Plots the AIC- or LRT-values, derived from the estimation procedure.

See Also

cp_est() for main function of the package, cp_splines_plot() for penalized spline plots

Examples

# Example 1
# Plot AIC-values and potential cutpoints of the estimation process

# Create AIC values:
AIC_values <- c(1950:1910, 1910:1920, 1920:1880, 1880:1920)
AIC_values <- round(AIC_values + rnorm(length(AIC_values),
                   mean = 0, sd = 5), digits = 2)

# Create a cutpoint variable:
cpvariable_values <- matrix(NA, nrow = length(AIC_values), ncol = 2)
cpvariable_values[ ,1] <- c(1:length(AIC_values))

# Create a cutpoint object (cpobj):
cpobj <- list(AIC_values        = AIC_values,
              nb_of_cp          = 1,
              cpvariable_values = cpvariable_values,
              cpvarname         = "Cutpoint variable"
              )

cp_value_plot(cpobj, plotvalues = "AIC", dp.plot = 2, show_limit = TRUE)


# Example 2
# Splines plot based on data1
# The data set data1 is included in this package
cpobj <- cp_est(
  cpvarname    = "biomarker",
  covariates   = c("covariate_1", "covariate_2"),
  data         = data1,
  nb_of_cp     = 2,
  plot_splines = TRUE,
)
# Example 3
# Contour plot based on data1
# The data set data1 is included in this package
cpobj <- cp_est(
   cpvarname    = "biomarker",
   covariates   = c("covariate_1", "covariate_2"),
   data         = data1,
   nb_of_cp     = 2,
   plot_splines = FALSE,
)
cp_value_plot(cpobj, plotvalues = "AIC", plottype2cp = "contour")
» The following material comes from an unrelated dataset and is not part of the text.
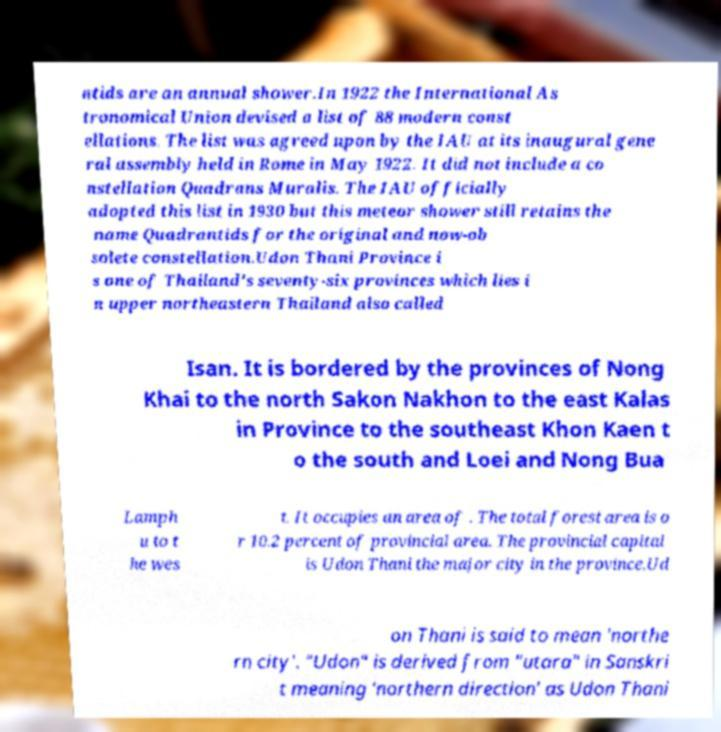Please identify and transcribe the text found in this image. ntids are an annual shower.In 1922 the International As tronomical Union devised a list of 88 modern const ellations. The list was agreed upon by the IAU at its inaugural gene ral assembly held in Rome in May 1922. It did not include a co nstellation Quadrans Muralis. The IAU officially adopted this list in 1930 but this meteor shower still retains the name Quadrantids for the original and now-ob solete constellation.Udon Thani Province i s one of Thailand's seventy-six provinces which lies i n upper northeastern Thailand also called Isan. It is bordered by the provinces of Nong Khai to the north Sakon Nakhon to the east Kalas in Province to the southeast Khon Kaen t o the south and Loei and Nong Bua Lamph u to t he wes t. It occupies an area of . The total forest area is o r 10.2 percent of provincial area. The provincial capital is Udon Thani the major city in the province.Ud on Thani is said to mean 'northe rn city'. "Udon" is derived from "utara" in Sanskri t meaning 'northern direction' as Udon Thani 
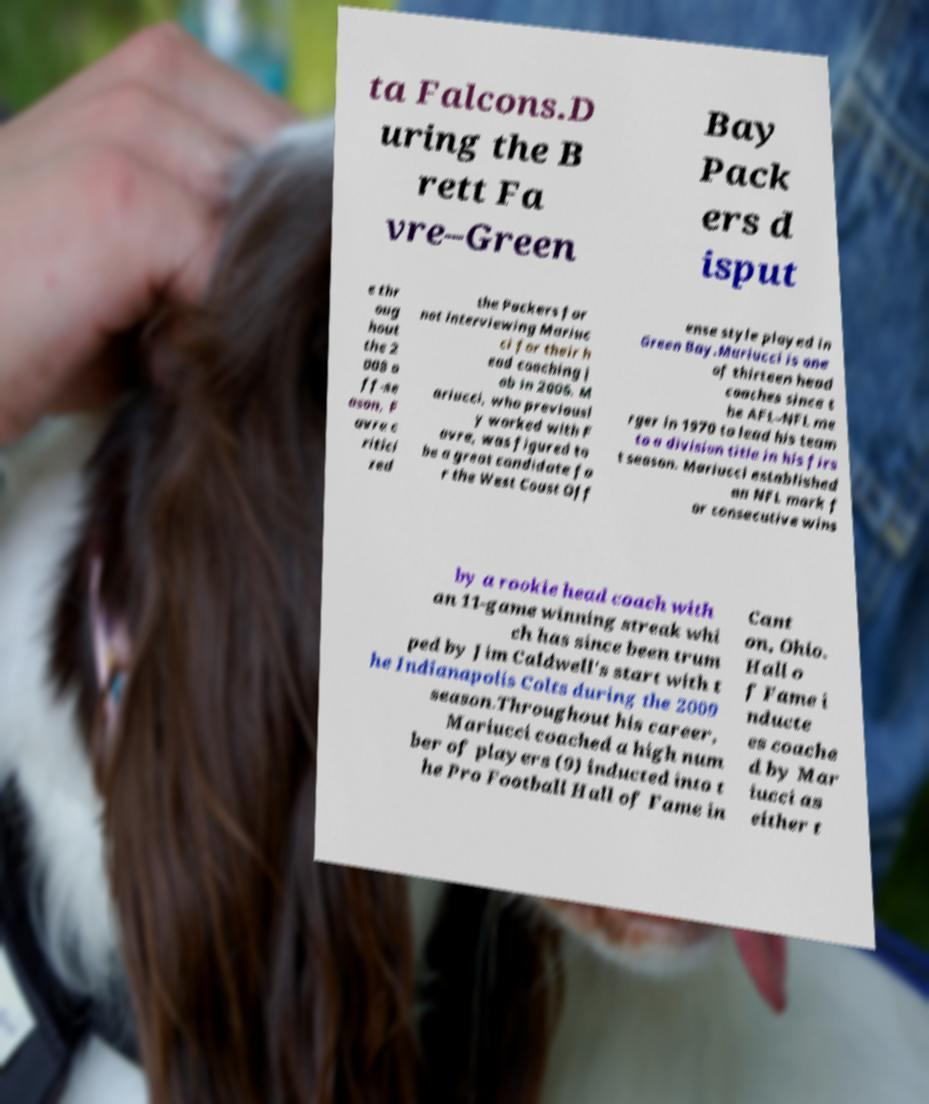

Dataset for testing the cutpoint estimating function: cp_est

Description

A dataset containing data for testing the estimating of one or two cutpoints

Usage

data(data1)

Format

"data1"

A data frame with 100 rows and 5 variables:

biomarker

numeric from 1 to 257

covariate_1

numeric, from 4.25 to 12.33, with effect of the cutpoint of the biomarker

covariate_2

numeric, from 465 to 1205, with no or small effect of the cutpoint of the biomarker

time

numeric, from 3 to 328

event

numeric, 0 or 1

Author(s)

Jan Porthun

Source

Self-generated example data

Examples

data(data1)


Dataset for testing the ushape argument of cp_est function

Description

A dataset containing data for testing the ushape argument of cp_est function.

Usage

data(data2_ushape)

Format

"data2_ushape"

A data frame with 200 rows and 4 variables:

biomarker

numeric from 1e-04 to 4.7

covariate_1

numeric, from 8.07e-05 to 1.90

time

numeric, from 0.002 to 5.09

event

numeric, 0 or 1

Author(s)

Jan Porthun

Source

Self-generated example data

Examples

data(data2_ushape)


Combine Factors

Description

Intern function, used for creation of a matrix with all factor combinations of the cutpoint-variable

Usage

factors_combine(bandwith = 0.1, nb_of_cp = 1, nrm, symtails = FALSE)

Arguments

bandwith

numeric, determines the minimum size per group of the dichitomised variable

nb_of_cp

numeric, number of cutpoints searching for

nrm

numeric, number of rows in cpdata after removing observations with missing values in biomarker

symtails

logical, if TRUE the tails of the dichotomised variable are symmetrical

Value

All factor combinations of the dichotomized variable.